The speed thing is not debatable. A boat with a rolled edge is gunna push more water.

Nothing wrong with a gator trax, I'd drive one. Just tryin to inform the guy he can get way more boat for the money. Really don't wanna get into a pissin match with you lol


----------



## flatsmaster14 (Mar 25, 2011)

And what's TOO fast? 30mph? Lol there has never been a mud motor that ever went TOO fast...


----------



## Spec-Rig.006 (Nov 2, 2007)

The premise of their design is a round chine, if you scratched the "double tapered chine" out of that equation - they'd likely do everything else. Hull modifications and sizes to requested spec do exist in their list of options.

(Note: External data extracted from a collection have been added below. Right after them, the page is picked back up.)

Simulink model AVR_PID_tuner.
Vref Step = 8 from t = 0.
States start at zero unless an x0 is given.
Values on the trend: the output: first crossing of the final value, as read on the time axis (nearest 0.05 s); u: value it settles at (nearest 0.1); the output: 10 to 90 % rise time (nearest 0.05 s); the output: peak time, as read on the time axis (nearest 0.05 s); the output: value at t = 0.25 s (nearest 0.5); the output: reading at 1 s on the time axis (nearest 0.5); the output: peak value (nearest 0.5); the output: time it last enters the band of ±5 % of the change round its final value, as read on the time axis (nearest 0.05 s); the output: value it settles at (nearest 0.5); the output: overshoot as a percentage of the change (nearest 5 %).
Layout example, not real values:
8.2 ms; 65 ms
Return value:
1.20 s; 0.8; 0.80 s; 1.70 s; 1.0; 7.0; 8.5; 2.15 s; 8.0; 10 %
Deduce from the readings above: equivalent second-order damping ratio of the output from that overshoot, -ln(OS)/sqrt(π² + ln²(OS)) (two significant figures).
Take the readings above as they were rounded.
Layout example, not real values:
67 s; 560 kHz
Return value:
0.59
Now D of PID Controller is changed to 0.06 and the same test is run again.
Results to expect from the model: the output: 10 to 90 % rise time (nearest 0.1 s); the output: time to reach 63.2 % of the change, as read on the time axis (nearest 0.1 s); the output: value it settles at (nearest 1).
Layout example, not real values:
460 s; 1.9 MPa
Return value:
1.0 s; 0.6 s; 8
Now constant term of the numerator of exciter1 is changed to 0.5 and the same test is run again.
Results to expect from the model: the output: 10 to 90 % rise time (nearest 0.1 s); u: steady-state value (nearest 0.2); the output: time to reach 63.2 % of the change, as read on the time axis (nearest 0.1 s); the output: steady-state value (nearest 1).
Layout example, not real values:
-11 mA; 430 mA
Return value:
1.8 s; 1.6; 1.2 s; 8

I'm not trying to get into a ******* match either, just posting actual information.

48mph. Mine had an outboard on it ...


----------



## drake1 (Mar 7, 2007)

Had mine up to 42 mph with a GTR on back. Did it in 2009 on a 1854 GTB.


----------



## 3CK (Oct 5, 2010)

drake1 said:


> Had mine up to 42 mph with a GTR on back. Did it in 2009 on a 1854 GTB.


You still modding motors?


----------



## flatsmaster14 (Mar 25, 2011)

drake1 said:


> Had mine up to 42 mph with a GTR on back. Did it in 2009 on a 1854 GTB.

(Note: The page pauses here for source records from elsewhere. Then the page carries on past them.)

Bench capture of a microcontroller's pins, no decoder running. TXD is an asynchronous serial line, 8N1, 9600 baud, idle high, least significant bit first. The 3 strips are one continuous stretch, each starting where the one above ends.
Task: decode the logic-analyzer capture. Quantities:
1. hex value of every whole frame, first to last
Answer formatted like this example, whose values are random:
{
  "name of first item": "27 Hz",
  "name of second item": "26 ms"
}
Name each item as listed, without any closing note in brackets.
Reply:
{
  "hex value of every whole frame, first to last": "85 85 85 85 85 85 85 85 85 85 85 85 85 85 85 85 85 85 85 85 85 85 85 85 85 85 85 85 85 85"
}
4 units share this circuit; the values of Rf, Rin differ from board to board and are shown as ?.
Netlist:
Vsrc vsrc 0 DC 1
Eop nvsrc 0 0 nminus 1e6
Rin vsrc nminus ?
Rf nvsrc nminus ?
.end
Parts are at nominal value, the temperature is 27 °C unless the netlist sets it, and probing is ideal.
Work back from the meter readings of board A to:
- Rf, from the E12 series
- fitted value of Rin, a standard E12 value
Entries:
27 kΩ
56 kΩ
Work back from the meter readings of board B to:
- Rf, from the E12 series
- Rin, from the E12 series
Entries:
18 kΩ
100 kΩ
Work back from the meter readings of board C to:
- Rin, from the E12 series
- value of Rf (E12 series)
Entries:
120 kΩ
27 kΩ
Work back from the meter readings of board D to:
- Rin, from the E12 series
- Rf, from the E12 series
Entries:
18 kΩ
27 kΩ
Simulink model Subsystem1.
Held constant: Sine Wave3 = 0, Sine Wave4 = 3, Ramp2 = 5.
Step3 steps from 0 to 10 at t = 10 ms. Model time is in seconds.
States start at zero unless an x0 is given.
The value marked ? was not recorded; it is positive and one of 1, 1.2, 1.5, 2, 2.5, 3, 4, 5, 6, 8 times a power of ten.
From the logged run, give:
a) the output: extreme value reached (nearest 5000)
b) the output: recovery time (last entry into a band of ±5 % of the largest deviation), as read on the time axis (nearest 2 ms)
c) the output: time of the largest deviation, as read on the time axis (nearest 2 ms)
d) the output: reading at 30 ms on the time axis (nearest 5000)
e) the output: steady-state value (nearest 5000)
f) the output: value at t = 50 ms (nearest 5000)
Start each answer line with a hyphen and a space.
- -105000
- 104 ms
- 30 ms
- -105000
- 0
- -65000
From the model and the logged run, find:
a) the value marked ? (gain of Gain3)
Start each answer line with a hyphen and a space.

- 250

What was done to the motor?


----------



## drake1 (Mar 7, 2007)

Only mods I do now are to my mini airboat.

I did everything to that motor. Speed was due to a combo of motor, boat and prop. 11X14 prop. Motor was spinning close to 5100 rpms. Ran 35 mph with 6 guys in the boat as well.


----------



## 3CK (Oct 5, 2010)

drake1 said:


> Only mods I do now are to my mini airboat.
> 
> I did everything to that motor. Speed was due to a combo of motor, boat and prop. 11X14 prop. Motor was spinning close to 5100 rpms. Ran 35 mph with 6 guys in the boat as well.


Thats awesome. Not many guys have gone that fast in one of these boats.

What all do you have done to the mini airboat?

If you ever come across (or have one laying around) any old EVT exhausts I'm in the market.


----------



## drake1 (Mar 7, 2007)

Mods to airboat are the same as GTR. Get with Peter Willet he is going to build the old EVT mufflers.


----------



## 3CK (Oct 5, 2010)

Ohh yeah some of them use the same blocks.

Good deal. I'll give WC a shout.


----------



## flatsmaster14 (Mar 25, 2011)




----------



## duckman49 (Aug 21, 2010)

You have there number?


----------



## flatsmaster14 (Mar 25, 2011)

Look at the picture....


----------



## duckman49 (Aug 21, 2010)

You have there number?


----------



## flatsmaster14 (Mar 25, 2011)

Do you not see it on the picture?!


----------



## duckman49 (Aug 21, 2010)

I couldn't get it blown up on my cell phone. Got it now sorry about that.


----------